Mémorial is the official gazette of the Grand Duchy of Luxembourg. It is published by the Central Legislation Service (Service central de législation), an agency of the government of Luxembourg. Until the Second World War, Mémorial was published in both French and German, which were the two official languages of Luxembourg. Since the war, it has been published in only French (even though German remains an official language, and Luxembourgish has also become one).

Under Grand Ducal decree of 9 January 1961, the Mémorial was to be subdivided into three separate publications:

- Mémorial A, containing text of legislation, Grand Ducal decrees, and European Union directives.
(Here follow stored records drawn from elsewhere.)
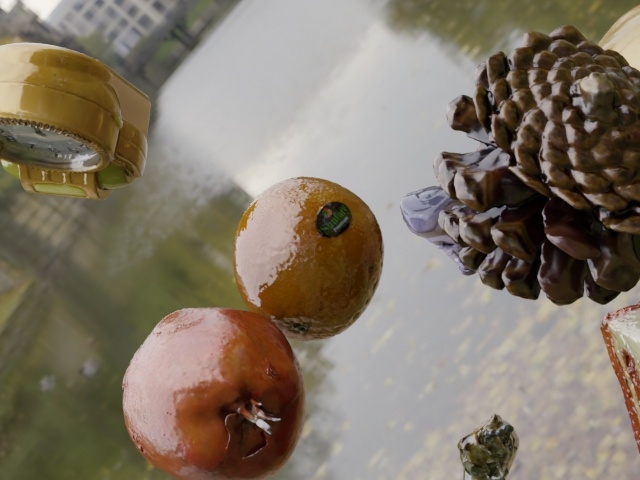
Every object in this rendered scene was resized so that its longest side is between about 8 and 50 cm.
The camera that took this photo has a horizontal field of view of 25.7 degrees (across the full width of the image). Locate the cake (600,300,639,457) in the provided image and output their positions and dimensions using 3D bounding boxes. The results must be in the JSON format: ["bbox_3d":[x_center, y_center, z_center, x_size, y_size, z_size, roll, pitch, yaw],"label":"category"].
[{"bbox_3d":[0.410,0.202,1.681,0.158,0.160,0.262,-148,73,-73],"label":"cake"}]

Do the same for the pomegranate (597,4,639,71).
[{"bbox_3d":[0.417,-0.107,1.540,0.338,0.338,0.338,-48,10,11],"label":"pomegranate"}]

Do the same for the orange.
[{"bbox_3d":[-0.015,0.023,1.711,0.206,0.206,0.206,-48,10,11],"label":"orange"}]

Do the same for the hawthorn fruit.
[{"bbox_3d":[-0.106,0.178,1.547,0.211,0.211,0.299,-51,14,-9],"label":"hawthorn fruit"}]

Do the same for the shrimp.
[{"bbox_3d":[0.161,0.249,1.436,0.254,0.059,0.145,51,-125,-78],"label":"shrimp"}]

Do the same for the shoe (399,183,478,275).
[{"bbox_3d":[0.186,-0.013,1.869,0.095,0.137,0.245,-14,3,28],"label":"shoe"}]

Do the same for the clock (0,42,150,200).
[{"bbox_3d":[-0.402,-0.188,2.118,0.317,0.244,0.200,62,-148,-74],"label":"clock"}]

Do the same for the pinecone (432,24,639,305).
[{"bbox_3d":[0.223,-0.057,1.301,0.264,0.264,0.264,-48,10,11],"label":"pinecone"}]
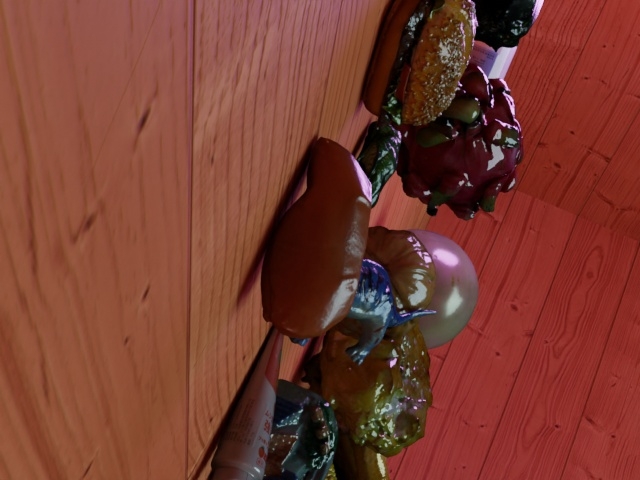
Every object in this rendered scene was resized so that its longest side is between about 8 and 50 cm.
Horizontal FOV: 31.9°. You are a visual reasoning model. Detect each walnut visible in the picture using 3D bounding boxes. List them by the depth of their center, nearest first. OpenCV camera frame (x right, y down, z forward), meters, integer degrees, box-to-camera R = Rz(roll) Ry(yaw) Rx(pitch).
[{"bbox_3d":[0.073,0.058,1.475,0.184,0.155,0.155,102,14,-70],"label":"walnut"}]

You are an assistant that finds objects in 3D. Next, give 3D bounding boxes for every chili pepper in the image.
[{"bbox_3d":[0.045,-0.051,1.296,0.073,0.050,0.182,-61,176,-88],"label":"chili pepper"}]

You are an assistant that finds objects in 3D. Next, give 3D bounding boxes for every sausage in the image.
[{"bbox_3d":[0.000,0.000,0.986,0.089,0.089,0.179,79,26,-78],"label":"sausage"}]

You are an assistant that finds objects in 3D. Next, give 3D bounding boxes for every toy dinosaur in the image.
[{"bbox_3d":[0.027,0.070,1.287,0.144,0.076,0.329,-47,141,-2],"label":"toy dinosaur"}]

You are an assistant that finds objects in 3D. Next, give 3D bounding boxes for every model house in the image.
[{"bbox_3d":[-0.061,0.258,1.299,0.148,0.119,0.148,-35,149,-62],"label":"model house"}]

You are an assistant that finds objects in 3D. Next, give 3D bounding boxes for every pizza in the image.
[{"bbox_3d":[0.052,0.359,2.020,0.075,0.288,0.280,-17,138,-16],"label":"pizza"}]

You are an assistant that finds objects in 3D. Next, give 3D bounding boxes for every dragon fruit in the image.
[{"bbox_3d":[0.189,-0.152,1.570,0.218,0.198,0.273,-36,141,-12],"label":"dragon fruit"}]

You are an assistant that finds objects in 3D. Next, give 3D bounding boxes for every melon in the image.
[{"bbox_3d":[0.176,0.091,2.058,0.317,0.223,0.223,84,29,-86],"label":"melon"}]

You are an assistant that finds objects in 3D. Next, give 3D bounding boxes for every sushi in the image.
[{"bbox_3d":[0.225,-0.322,1.448,0.225,0.127,0.124,54,60,-84],"label":"sushi"}]

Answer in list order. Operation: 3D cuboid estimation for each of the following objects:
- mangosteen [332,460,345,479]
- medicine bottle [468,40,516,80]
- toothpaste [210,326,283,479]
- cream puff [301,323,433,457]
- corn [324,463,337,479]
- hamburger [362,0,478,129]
[{"bbox_3d":[-0.044,0.433,1.987,0.145,0.181,0.156,-7,110,-32],"label":"mangosteen"},{"bbox_3d":[0.277,-0.290,2.042,0.103,0.102,0.187,-40,154,-75],"label":"medicine bottle"},{"bbox_3d":[-0.072,0.185,1.216,0.089,0.057,0.234,105,0,-54],"label":"toothpaste"},{"bbox_3d":[0.069,0.215,1.801,0.282,0.185,0.282,-5,90,-71],"label":"cream puff"},{"bbox_3d":[-0.008,0.429,1.841,0.093,0.093,0.244,98,-23,-65],"label":"corn"},{"bbox_3d":[0.109,-0.194,1.143,0.166,0.087,0.137,104,12,-54],"label":"hamburger"}]
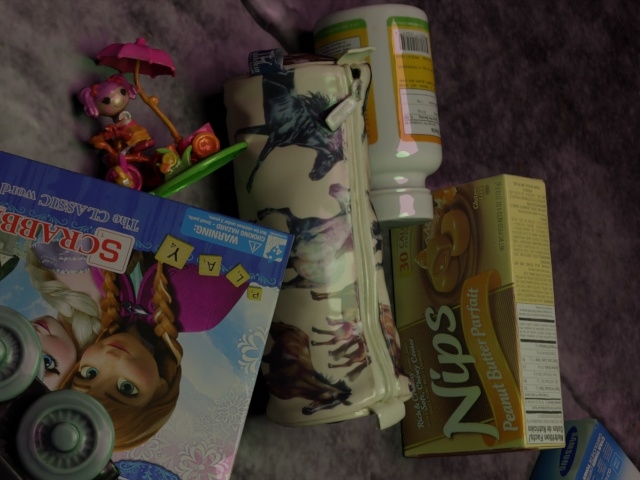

It was established by Grand Ducal decree on 22 October 1842.
- Mémorial B, containing administrative instructions; changes in government policies not requiring a form of legislation, directive, or decree; and edicts of importance to only specific individuals or for only a very short period of time. It was established by Grand Ducal decree on 20 April 1854.
- Mémorial C, containing personal and financial matters, including the foundation, liquidation, and restructuring of corporations. It was established by statute on 10 August 1915. The final issue of Mémorial C was published on 27 July 2016 with the information now found on the website of Trade Register and Companies (RCS) since 1 June 2016.

Starting 1 January 2017, the Mémorial is no longer published in print and is now solely an electronic publication. The current arrangement and separation of duties is currently dictated by Law of 23 December 2016.